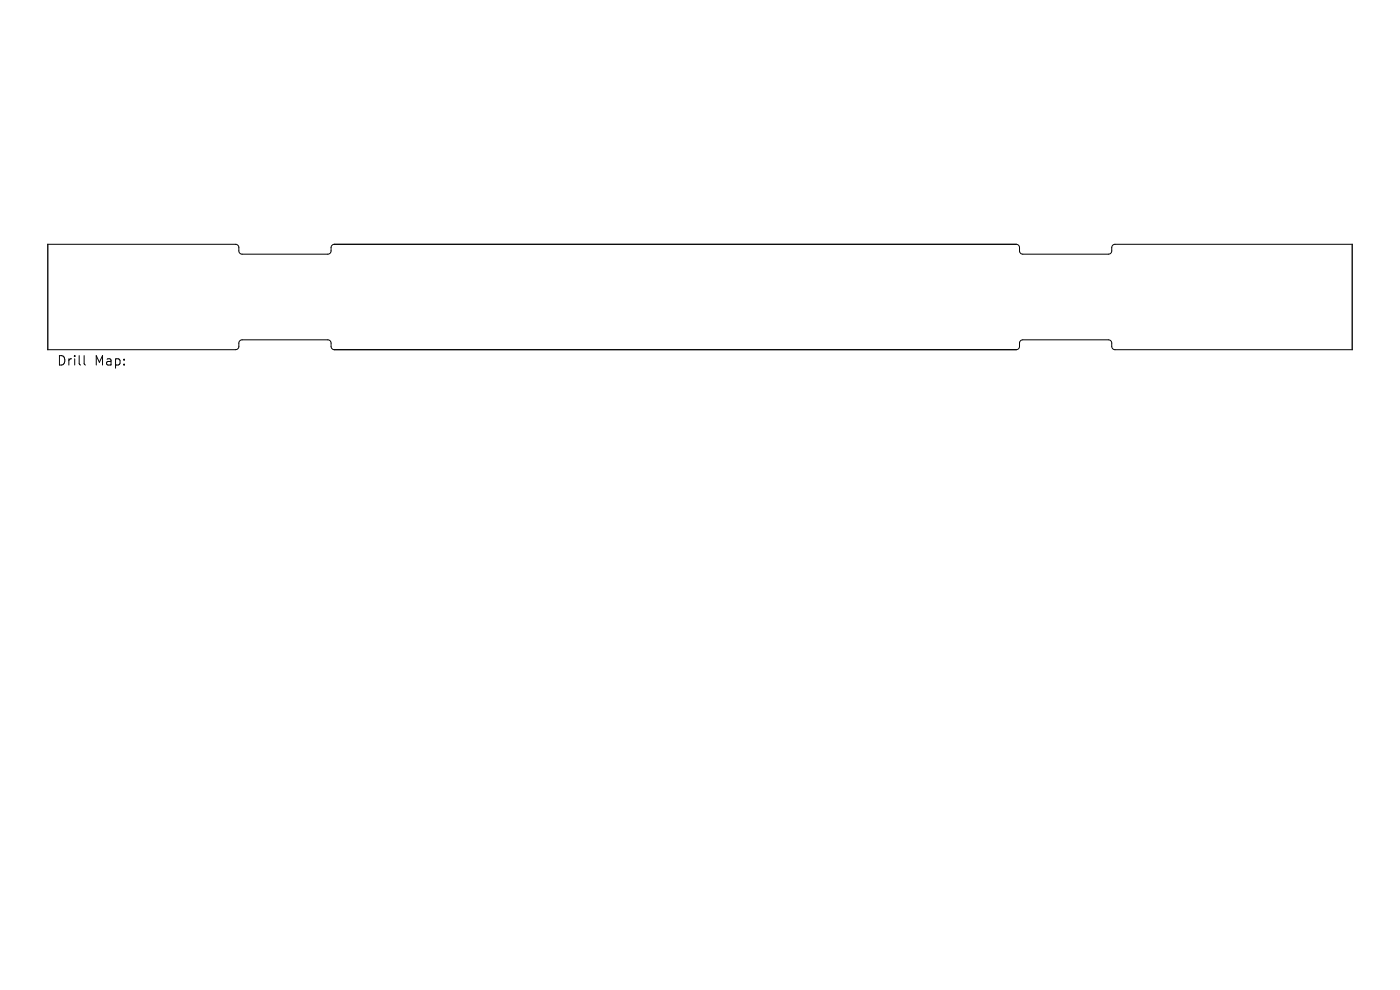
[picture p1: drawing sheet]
<svg xmlns="http://www.w3.org/2000/svg" width="297mm" height="210mm" viewBox="0 0 297 210" stroke-linecap="round" stroke-linejoin="round" font-family="sans-serif">
<defs><g id="words">
<g font-size="2.8">
<text x="12" y="77.8">Drill</text>
<text x="20" y="77.8">Map:</text>
</g>
</g></defs>
<path d="M10.1 51.8h39.9a.7 .7 0 0 1 .7 .7v.7a.7 .7 0 0 0 .7 .7h18.1a.7 .7 0 0 0 .7-.7v-.7a.7 .7 0 0 1 .7-.7M215.6 51.8a.7 .7 0 0 1 .7 .7v.7a.7 .7 0 0 0 .7 .7h18.2a.7 .7 0 0 0 .7-.7v-.7a.7 .7 0 0 1 .6-.7h50.4M10.1 74.2h39.9a.7 .7 0 0 0 .7-.7v-.7a.7 .7 0 0 1 .7-.7h18.1a.7 .7 0 0 1 .7 .7v.7a.7 .7 0 0 0 .7 .7M17.8 75.4v1.8l.3 .2M215.6 74.2a.7 .7 0 0 0 .7-.7v-.7a.7 .7 0 0 1 .7-.7h18.2a.7 .7 0 0 1 .7 .7v.7a.7 .7 0 0 0 .6 .7h50.4" fill="none" stroke="#000" stroke-width=".21"/>
<path d="M10.1 51.8v22.4M70.9 51.8h144.7M286.9 51.8v22.4M70.9 74.2h144.7" fill="none" stroke="#000" stroke-width=".28"/>
<use href="#words"/>
</svg>

» **EXERCISE DETAILS**
Each line above, from the one that contains "51.8h39.9a.7 .7 0" to the last line of the records, should be repeated exactly. Leave out all others.

» **PROBLEM SOLUTION**
<path d="M10.1 51.8h39.9a.7 .7 0 0 1 .7 .7v.7a.7 .7 0 0 0 .7 .7h18.1a.7 .7 0 0 0 .7-.7v-.7a.7 .7 0 0 1 .7-.7M215.6 51.8a.7 .7 0 0 1 .7 .7v.7a.7 .7 0 0 0 .7 .7h18.2a.7 .7 0 0 0 .7-.7v-.7a.7 .7 0 0 1 .6-.7h50.4M10.1 74.2h39.9a.7 .7 0 0 0 .7-.7v-.7a.7 .7 0 0 1 .7-.7h18.1a.7 .7 0 0 1 .7 .7v.7a.7 .7 0 0 0 .7 .7M17.8 75.4v1.8l.3 .2M215.6 74.2a.7 .7 0 0 0 .7-.7v-.7a.7 .7 0 0 1 .7-.7h18.2a.7 .7 0 0 1 .7 .7v.7a.7 .7 0 0 0 .6 .7h50.4" fill="none" stroke="#000" stroke-width=".21"/>
<path d="M10.1 51.8v22.4M70.9 51.8h144.7M286.9 51.8v22.4M70.9 74.2h144.7" fill="none" stroke="#000" stroke-width=".28"/>
<use href="#words"/>
</svg>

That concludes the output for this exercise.